Have to disagree with most people here I found the first version of The Man Who Knew Too Much to be superior. Peter Lorre makes an excellent villain which as most directors admit is one of the keys to a successful movie. The first version also has a stronger female lead. She is an Olympic Champion Sharp Shooter which turns out to be a valuable asset during the film's climax. Second version has more star power but the back projections in Morocco are awful and the ending slightly ridiculous.

s
Slys65ss
May 13, 2015

One of Hitchcock's best. Doris Day and Jimmy Stewart are excellent. I will never hear Que Sera Sera again without thinking of this movie. Two thumbs up.

s
SuzanneSisco
Feb 05, 2015

This is another great Alfred Hitchcock movie! Jimmy Stewart and Doris Day have outdone themselves. :)
The couple are vacationing in Morocco, when they discover an assassination plot! In an effort to prevent Mr. and Mr.
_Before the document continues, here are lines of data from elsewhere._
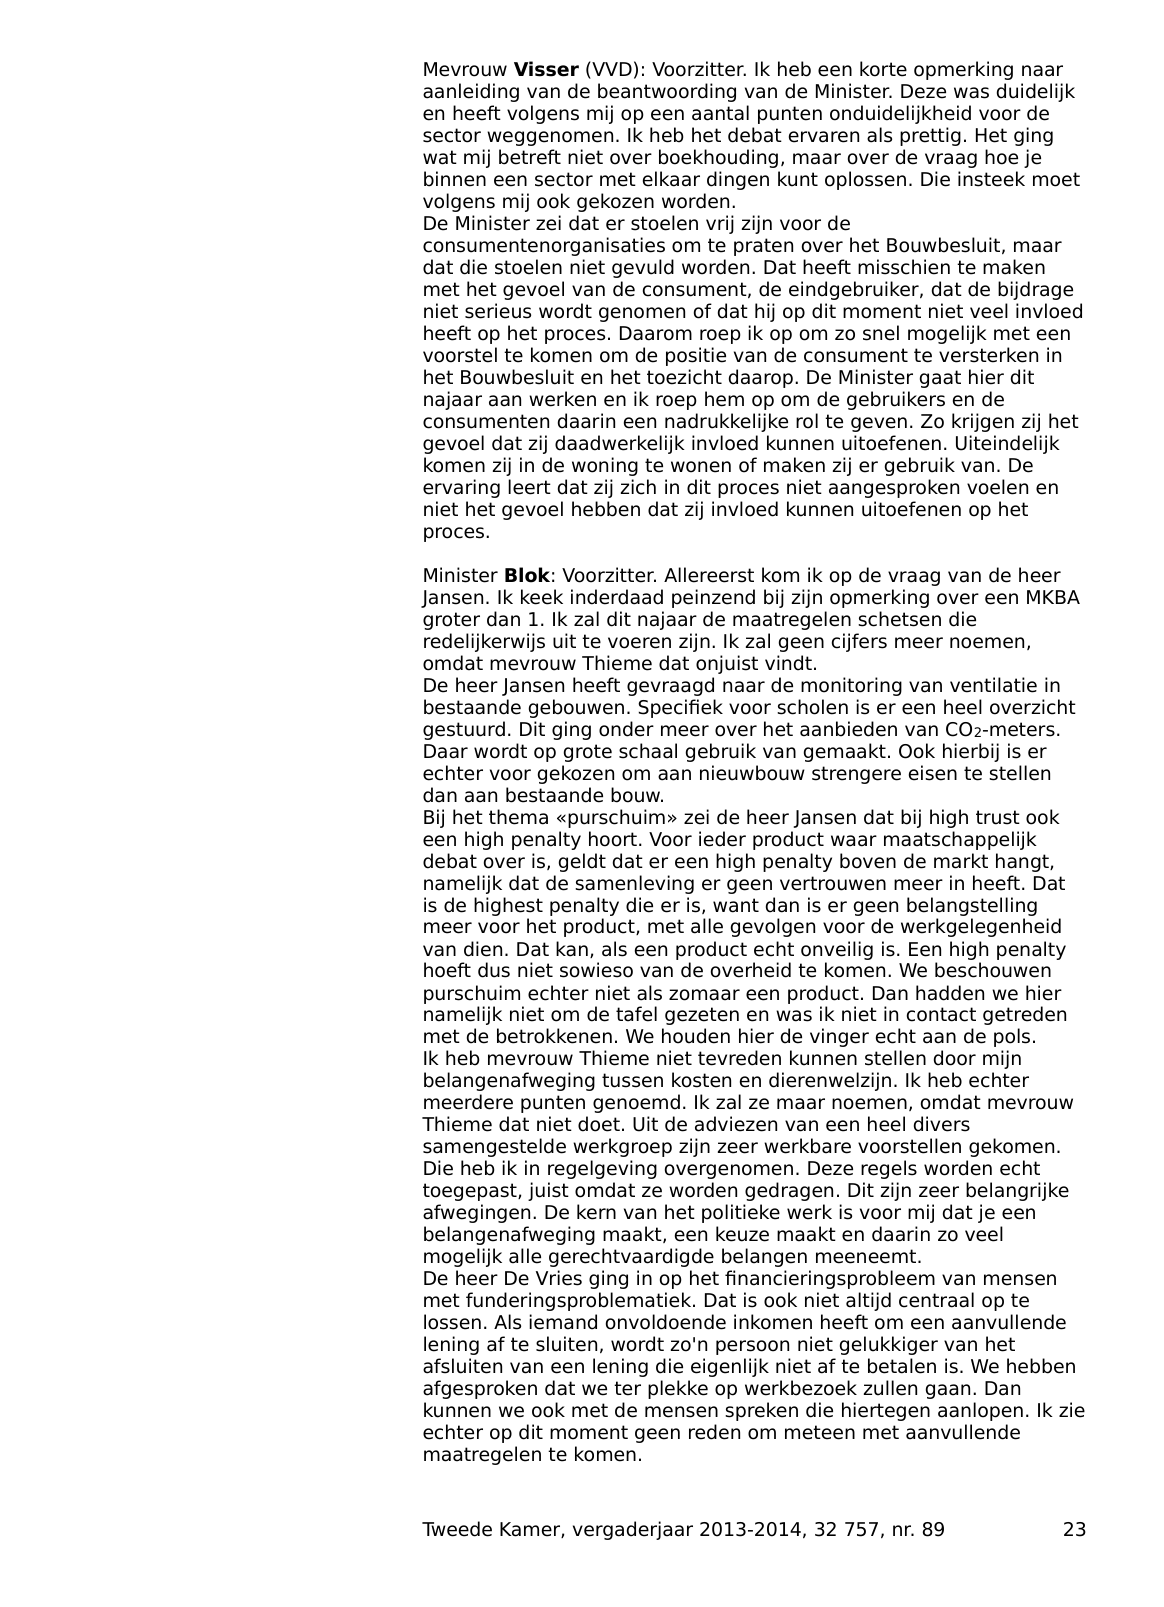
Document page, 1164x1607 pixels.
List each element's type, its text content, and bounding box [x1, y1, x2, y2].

text De heer Jansen heeft gevraagd naar de monitoring van ventilatie in bestaande gebouwen. Specifiek voor scholen is er een heel overzicht gestuurd. Dit ging onder meer over het aanbieden van CO2-meters. Daar wordt op grote schaal gebruik van gemaakt. Ook hierbij is er echter voor gekozen om aan nieuwbouw strengere eisen te stellen dan aan bestaande bouw. [422, 675, 1087, 807]
text De Minister zei dat er stoelen vrij zijn voor de consumentenorganisaties om te praten over het Bouwbesluit, maar dat die stoelen niet gevuld worden. Dat heeft misschien te maken met het gevoel van de consument, de eindgebruiker, dat de bijdrage niet serieus wordt genomen of dat hij op dit moment niet veel invloed heeft op het proces. Daarom roep ik op om zo snel mogelijk met een voorstel te komen om de positie van de consument te versterken in het Bouwbesluit en het toezicht daarop. De Minister gaat hier dit najaar aan werken en ik roep hem op om de gebruikers en de consumenten daarin een nadrukkelijke rol te geven. Zo krijgen zij het gevoel dat zij daadwerkelijk invloed kunnen uitoefenen. Uiteindelijk komen zij in de woning te wonen of maken zij er gebruik van. De ervaring leert dat zij zich in dit proces niet aangesproken voelen en niet het gevoel hebben dat zij invloed kunnen uitoefenen op het proces. [422, 213, 1087, 543]
text Minister Blok: Voorzitter. Allereerst kom ik op de vraag van de heer Jansen. Ik keek inderdaad peinzend bij zijn opmerking over een MKBA groter dan 1. Ik zal dit najaar de maatregelen schetsen die redelijkerwijs uit te voeren zijn. Ik zal geen cijfers meer noemen, omdat mevrouw Thieme dat onjuist vindt. [422, 565, 1087, 675]
text Ik heb mevrouw Thieme niet tevreden kunnen stellen door mijn belangenafweging tussen kosten en dierenwelzijn. Ik heb echter meerdere punten genoemd. Ik zal ze maar noemen, omdat mevrouw Thieme dat niet doet. Uit de adviezen van een heel divers samengestelde werkgroep zijn zeer werkbare voorstellen gekomen. Die heb ik in regelgeving overgenomen. Deze regels worden echt toegepast, juist omdat ze worden gedragen. Dit zijn zeer belangrijke afwegingen. De kern van het politieke werk is voor mij dat je een belangenafweging maakt, een keuze maakt en daarin zo veel mogelijk alle gerechtvaardigde belangen meeneemt. [422, 1048, 1087, 1268]
text Bij het thema «purschuim» zei de heer Jansen dat bij high trust ook een high penalty hoort. Voor ieder product waar maatschappelijk debat over is, geldt dat er een high penalty boven de markt hangt, namelijk dat de samenleving er geen vertrouwen meer in heeft. Dat is de highest penalty die er is, want dan is er geen belangstelling meer voor het product, met alle gevolgen voor de werkgelegenheid van dien. Dat kan, als een product echt onveilig is. Een high penalty hoeft dus niet sowieso van de overheid te komen. We beschouwen purschuim echter niet als zomaar een product. Dan hadden we hier namelijk niet om de tafel gezeten en was ik niet in contact getreden met de betrokkenen. We houden hier de vinger echt aan de pols. [422, 807, 1087, 1048]
text De heer De Vries ging in op het financieringsprobleem van mensen met funderingsproblematiek. Dat is ook niet altijd centraal op te lossen. Als iemand onvoldoende inkomen heeft om een aanvullende lening af te sluiten, wordt zo'n persoon niet gelukkiger van het afsluiten van een lening die eigenlijk niet af te betalen is. We hebben afgesproken dat we ter plekke op werkbezoek zullen gaan. Dan kunnen we ook met de mensen spreken die hiertegen aanlopen. Ik zie echter op dit moment geen reden om meteen met aanvullende maatregelen te komen. [422, 1268, 1087, 1466]
text Mevrouw Visser (VVD): Voorzitter. Ik heb een korte opmerking naar aanleiding van de beantwoording van de Minister. Deze was duidelijk en heeft volgens mij op een aantal punten onduidelijkheid voor de sector weggenomen. Ik heb het debat ervaren als prettig. Het ging wat mij betreft niet over boekhouding, maar over de vraag hoe je binnen een sector met elkaar dingen kunt oplossen. Die insteek moet volgens mij ook gekozen worden. [422, 59, 1087, 213]
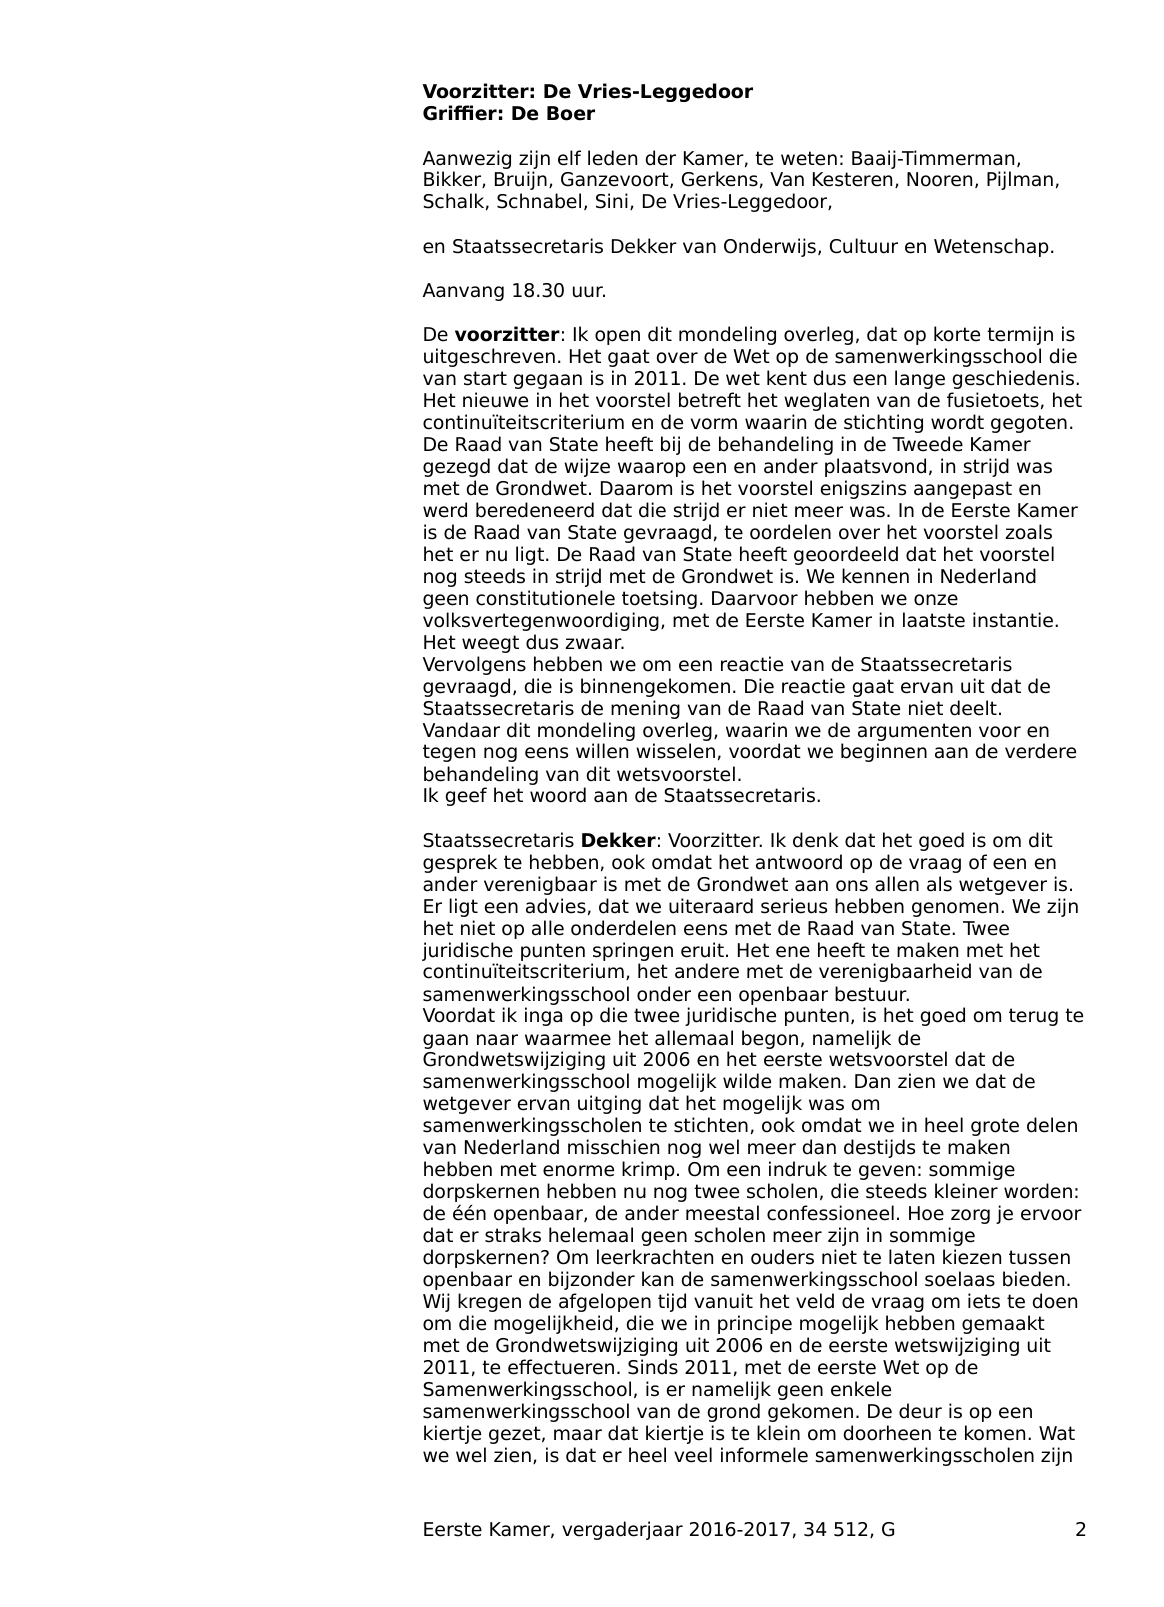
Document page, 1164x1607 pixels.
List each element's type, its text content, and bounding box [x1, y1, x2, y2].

text De voorzitter: Ik open dit mondeling overleg, dat op korte termijn is uitgeschreven. Het gaat over de Wet op de samenwerkingsschool die van start gegaan is in 2011. De wet kent dus een lange geschiedenis. Het nieuwe in het voorstel betreft het weglaten van de fusietoets, het continuïteitscriterium en de vorm waarin de stichting wordt gegoten. De Raad van State heeft bij de behandeling in de Tweede Kamer gezegd dat de wijze waarop een en ander plaatsvond, in strijd was met de Grondwet. Daarom is het voorstel enigszins aangepast en werd beredeneerd dat die strijd er niet meer was. In de Eerste Kamer is de Raad van State gevraagd, te oordelen over het voorstel zoals het er nu ligt. De Raad van State heeft geoordeeld dat het voorstel nog steeds in strijd met de Grondwet is. We kennen in Nederland geen constitutionele toetsing. Daarvoor hebben we onze volksvertegenwoordiging, met de Eerste Kamer in laatste instantie. Het weegt dus zwaar. [422, 324, 1087, 653]
text Aanvang 18.30 uur. [422, 280, 1087, 302]
text Aanwezig zijn elf leden der Kamer, te weten: Baaij-Timmerman, Bikker, Bruijn, Ganzevoort, Gerkens, Van Kesteren, Nooren, Pijlman, Schalk, Schnabel, Sini, De Vries-Leggedoor, [422, 147, 1087, 213]
text Voordat ik inga op die twee juridische punten, is het goed om terug te gaan naar waarmee het allemaal begon, namelijk de Grondwetswijziging uit 2006 en het eerste wetsvoorstel dat de samenwerkingsschool mogelijk wilde maken. Dan zien we dat de wetgever ervan uitging dat het mogelijk was om samenwerkingsscholen te stichten, ook omdat we in heel grote delen van Nederland misschien nog wel meer dan destijds te maken hebben met enorme krimp. Om een indruk te geven: sommige dorpskernen hebben nu nog twee scholen, die steeds kleiner worden: de één openbaar, de ander meestal confessioneel. Hoe zorg je ervoor dat er straks helemaal geen scholen meer zijn in sommige dorpskernen? Om leerkrachten en ouders niet te laten kiezen tussen openbaar en bijzonder kan de samenwerkingsschool soelaas bieden. Wij kregen de afgelopen tijd vanuit het veld de vraag om iets te doen om die mogelijkheid, die we in principe mogelijk hebben gemaakt met de Grondwetswijziging uit 2006 en de eerste wetswijziging uit 2011, te effectueren. Sinds 2011, met de eerste Wet op de Samenwerkingsschool, is er namelijk geen enkele samenwerkingsschool van de grond gekomen. De deur is op een kiertje gezet, maar dat kiertje is te klein om doorheen te komen. Wat we wel zien, is dat er heel veel informele samenwerkingsscholen zijn [422, 1005, 1087, 1467]
text Voorzitter: De Vries-Leggedoor [422, 81, 1087, 103]
text Staatssecretaris Dekker: Voorzitter. Ik denk dat het goed is om dit gesprek te hebben, ook omdat het antwoord op de vraag of een en ander verenigbaar is met de Grondwet aan ons allen als wetgever is. Er ligt een advies, dat we uiteraard serieus hebben genomen. We zijn het niet op alle onderdelen eens met de Raad van State. Twee juridische punten springen eruit. Het ene heeft te maken met het continuïteitscriterium, het andere met de verenigbaarheid van de samenwerkingsschool onder een openbaar bestuur. [422, 829, 1087, 1005]
text Griffier: De Boer [422, 103, 1087, 125]
text Vervolgens hebben we om een reactie van de Staatssecretaris gevraagd, die is binnengekomen. Die reactie gaat ervan uit dat de Staatssecretaris de mening van de Raad van State niet deelt. Vandaar dit mondeling overleg, waarin we de argumenten voor en tegen nog eens willen wisselen, voordat we beginnen aan de verdere behandeling van dit wetsvoorstel. [422, 653, 1087, 785]
text en Staatssecretaris Dekker van Onderwijs, Cultuur en Wetenschap. [422, 236, 1087, 257]
text Ik geef het woord aan de Staatssecretaris. [422, 785, 1087, 807]
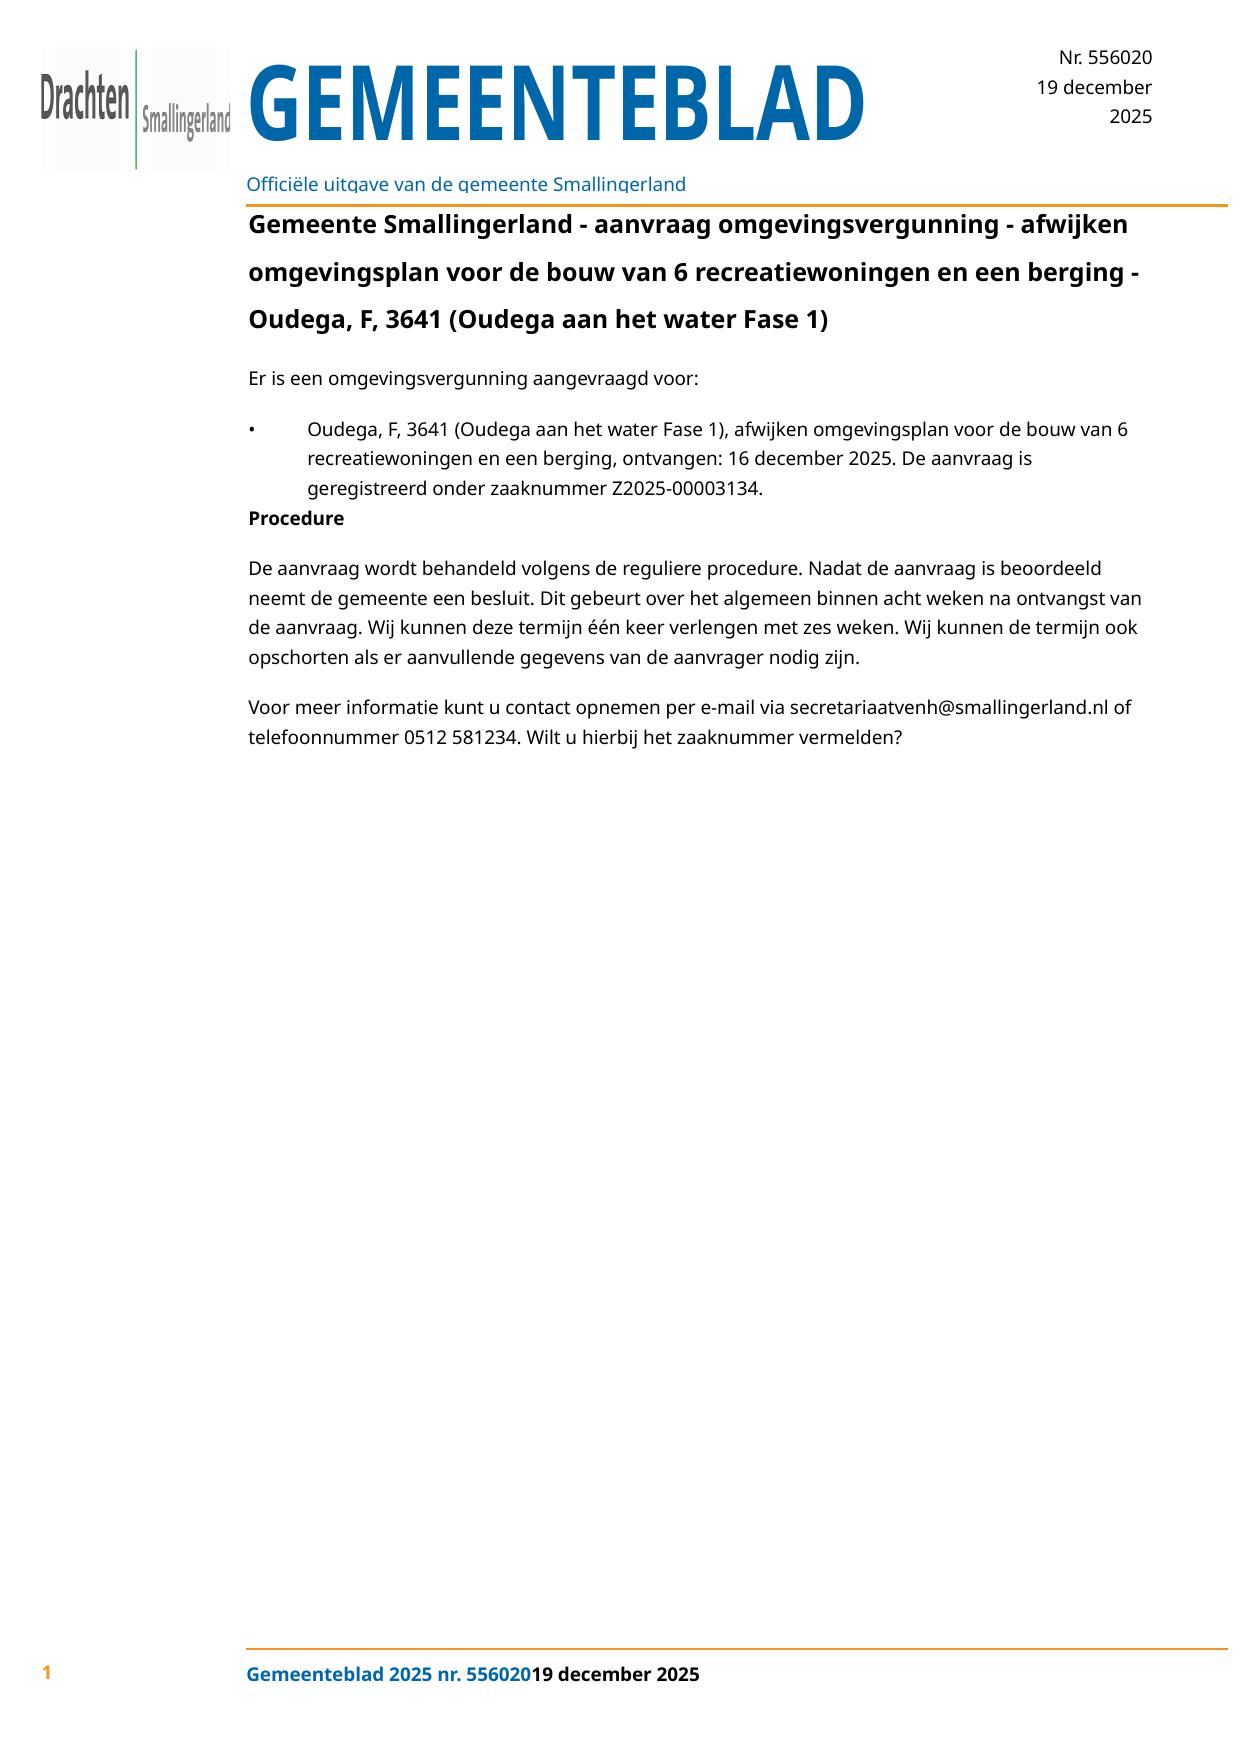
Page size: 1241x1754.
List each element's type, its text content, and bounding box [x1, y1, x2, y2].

text Gemeente Smallingerland - aanvraag omgevingsvergunning - afwijken omgevingsplan voor de bouw van 6 recreatiewoningen en een berging - Oudega, F, 3641 (Oudega aan het water Fase 1) [248, 207, 1152, 336]
picture [41, 47, 231, 172]
text De aanvraag wordt behandeld volgens de reguliere procedure. Nadat de aanvraag is beoordeeld neemt de gemeente een besluit. Dit gebeurt over het algemeen binnen acht weken na ontvangst van de aanvraag. Wij kunnen deze termijn één keer verlengen met zes weken. Wij kunnen de termijn ook opschorten als er aanvullende gegevens van de aanvrager nodig zijn. [248, 555, 1152, 669]
text Voor meer informatie kunt u contact opnemen per e-mail via secretariaatvenh@smallingerland.nl of telefoonnummer 0512 581234. Wilt u hierbij het zaaknummer vermelden? [248, 694, 1152, 749]
text Er is een omgevingsvergunning aangevraagd voor: [248, 366, 1152, 391]
list Oudega, F, 3641 (Oudega aan het water Fase 1), afwijken omgevingsplan voor de bouw van 6 recreatiewoningen en een berging, ontvangen: 16 december 2025. De aanvraag is geregistreerd onder zaaknummer Z2025-00003134. [248, 416, 1152, 501]
text Procedure [248, 505, 1152, 530]

McKenna (James & Doris) from interfering, the conspirators kidnap their son!
Must see!

a
akirakato
Feb 02, 2015

This is a 1934 British suspense film directed by Alfred Hitchcock.
I think this film is one of the wrost Hitchcock had ever made.
The story structure is poorly constructed.
A political assassination?
But what is it?
The fighting scenes lack reality.
The chair fight appears ridiculous.
No wonder Hitchcock had an urge to remake it in 1956.

n
Nursebob
Jan 29, 2015

An American couple vacationing in Morocco with their young son accidentally become entangled in an assassination plot and the conspirators will stop at nothing to keep them quiet. With on-site locations stretching from the bazaars of Marrakesh to London’s Royal Albert Hall, maestro Alfred Hitchcock tries to work his old magic, twining suspense and paranoia into a tired but still highly watchable thriller. Stars James Stewart and Doris Day do share an onscreen chemistry and the wide angle technicolor shots swing effortlessly from blue desert skies to a cramped kidnapper’s lair, but there is an acute lack of tension which keeps the audience forever at arm’s length while some of the American couple’s more stupid decisions push the believability envelope. And do we really need to hear Ms. Day sing “Que Sera Sera” yet again?